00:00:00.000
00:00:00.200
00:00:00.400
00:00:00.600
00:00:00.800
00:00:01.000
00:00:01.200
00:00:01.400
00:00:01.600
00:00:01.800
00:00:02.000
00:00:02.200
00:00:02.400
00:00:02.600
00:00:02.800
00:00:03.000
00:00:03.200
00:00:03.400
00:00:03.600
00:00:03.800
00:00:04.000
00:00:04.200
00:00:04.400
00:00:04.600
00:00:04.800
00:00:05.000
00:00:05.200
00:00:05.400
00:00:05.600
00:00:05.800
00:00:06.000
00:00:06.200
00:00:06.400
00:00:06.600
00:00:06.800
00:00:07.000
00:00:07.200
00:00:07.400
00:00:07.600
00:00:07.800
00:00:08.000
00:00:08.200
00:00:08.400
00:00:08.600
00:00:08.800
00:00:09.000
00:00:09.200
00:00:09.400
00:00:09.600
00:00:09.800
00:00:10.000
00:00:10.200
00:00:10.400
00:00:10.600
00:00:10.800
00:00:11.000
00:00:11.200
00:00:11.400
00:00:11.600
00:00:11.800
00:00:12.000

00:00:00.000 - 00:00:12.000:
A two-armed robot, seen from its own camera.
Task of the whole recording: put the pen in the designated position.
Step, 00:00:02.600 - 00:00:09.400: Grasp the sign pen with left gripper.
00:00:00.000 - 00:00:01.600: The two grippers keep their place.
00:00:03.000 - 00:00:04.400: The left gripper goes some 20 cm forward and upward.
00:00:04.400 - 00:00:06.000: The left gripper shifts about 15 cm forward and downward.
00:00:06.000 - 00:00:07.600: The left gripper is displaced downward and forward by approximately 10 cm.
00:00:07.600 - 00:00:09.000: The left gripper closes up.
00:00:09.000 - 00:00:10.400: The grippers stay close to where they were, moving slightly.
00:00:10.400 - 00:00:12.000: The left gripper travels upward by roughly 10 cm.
================
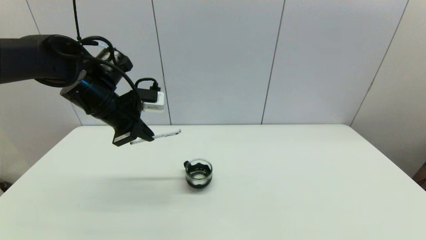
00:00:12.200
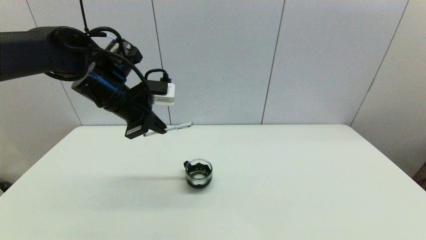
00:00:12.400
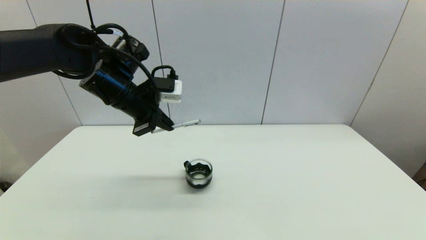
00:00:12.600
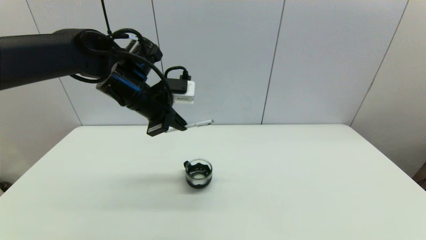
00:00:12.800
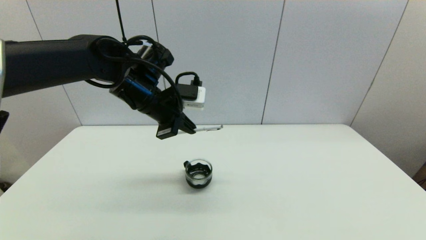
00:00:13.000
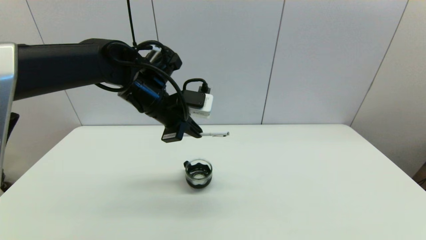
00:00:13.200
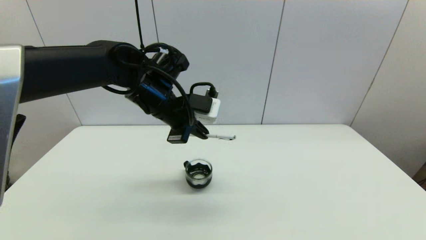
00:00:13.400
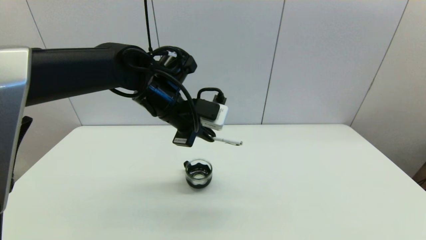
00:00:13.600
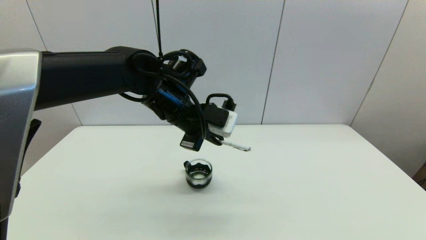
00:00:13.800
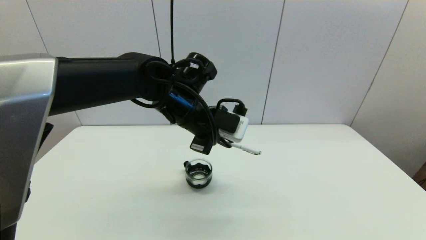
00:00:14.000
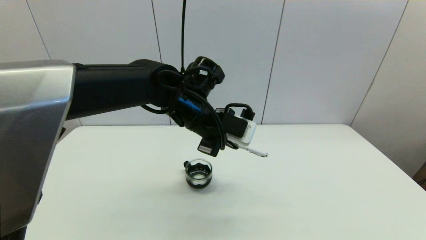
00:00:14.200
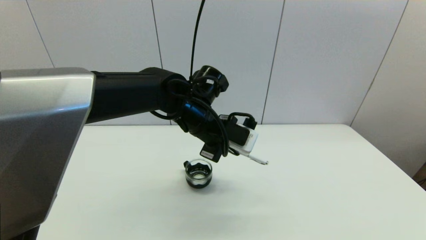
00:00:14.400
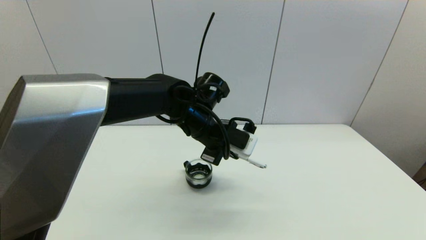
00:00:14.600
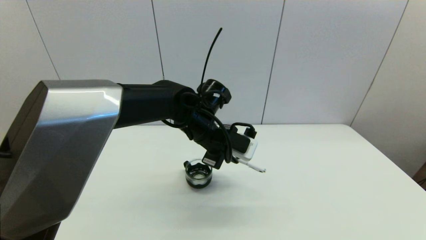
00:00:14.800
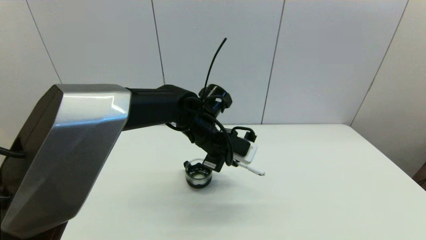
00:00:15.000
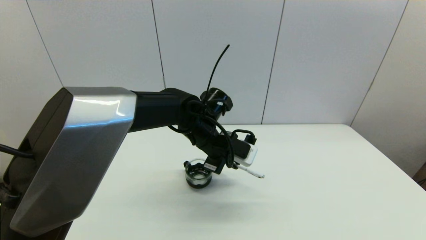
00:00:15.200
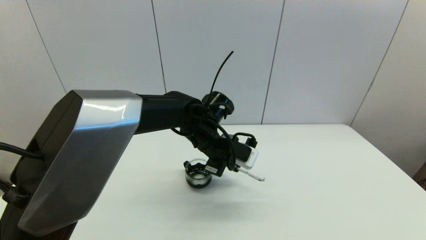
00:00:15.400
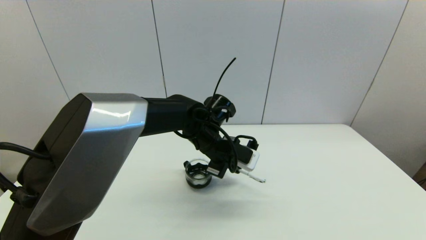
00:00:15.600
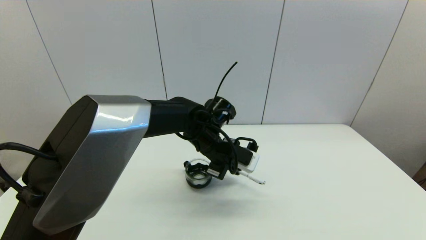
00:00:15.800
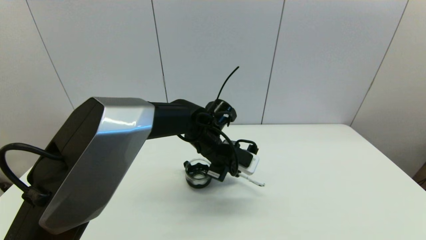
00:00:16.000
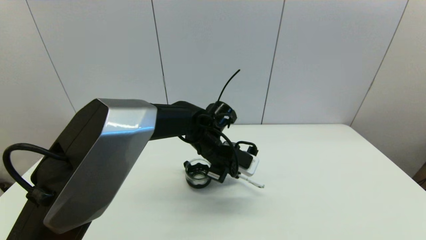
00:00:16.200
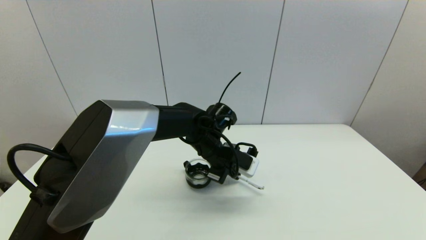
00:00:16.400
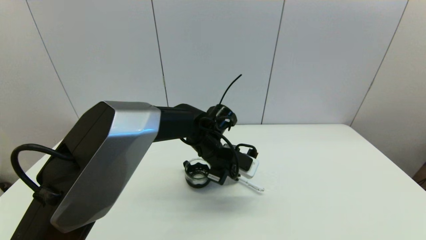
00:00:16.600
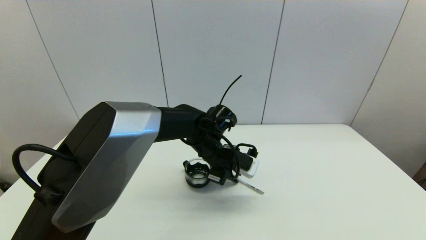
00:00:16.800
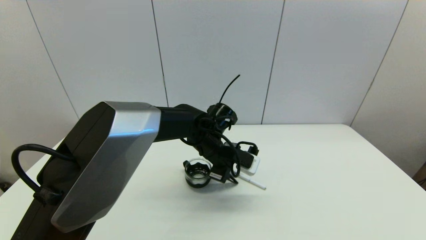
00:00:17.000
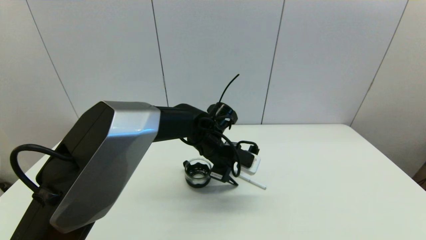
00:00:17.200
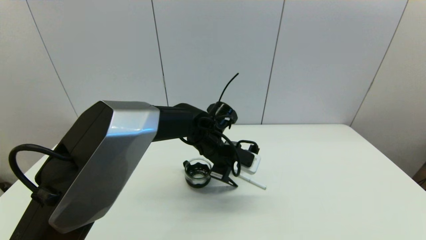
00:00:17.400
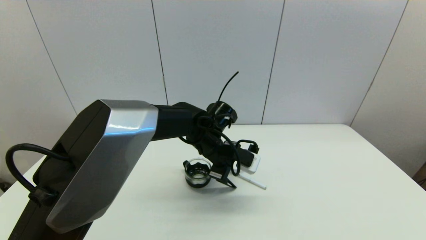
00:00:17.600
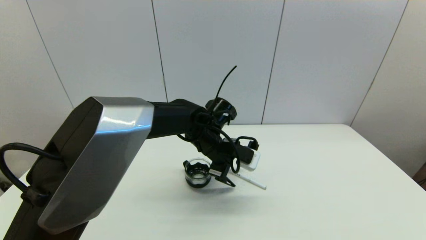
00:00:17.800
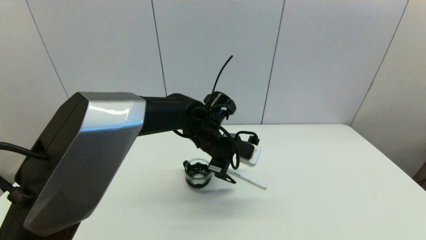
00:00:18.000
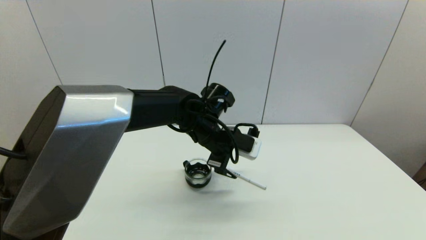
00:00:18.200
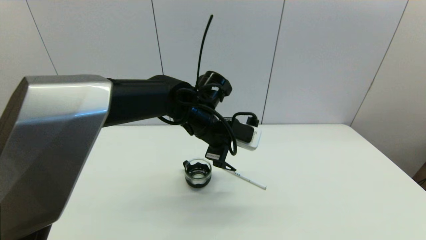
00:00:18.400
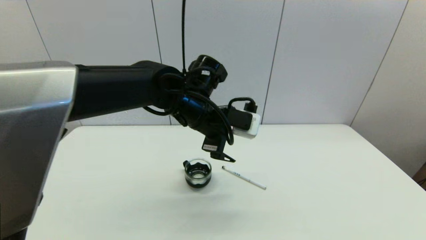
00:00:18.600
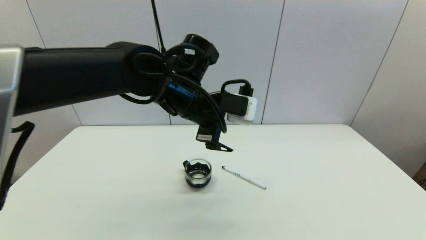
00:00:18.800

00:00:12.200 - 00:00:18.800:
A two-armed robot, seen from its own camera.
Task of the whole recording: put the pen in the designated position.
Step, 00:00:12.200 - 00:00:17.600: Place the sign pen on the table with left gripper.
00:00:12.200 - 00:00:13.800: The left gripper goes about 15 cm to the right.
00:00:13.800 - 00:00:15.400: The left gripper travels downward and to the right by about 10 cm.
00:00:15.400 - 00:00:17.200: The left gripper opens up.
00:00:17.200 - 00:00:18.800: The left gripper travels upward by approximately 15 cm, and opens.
================
THE PROBLEM | Given the records above, return exactly the lines starting at the line containing "00:00:05.800" and ending at the line containing "00:00:09.600", including both.

COMPLETED TASK |
00:00:05.800
00:00:06.000
00:00:06.200
00:00:06.400
00:00:06.600
00:00:06.800
00:00:07.000
00:00:07.200
00:00:07.400
00:00:07.600
00:00:07.800
00:00:08.000
00:00:08.200
00:00:08.400
00:00:08.600
00:00:08.800
00:00:09.000
00:00:09.200
00:00:09.400
00:00:09.600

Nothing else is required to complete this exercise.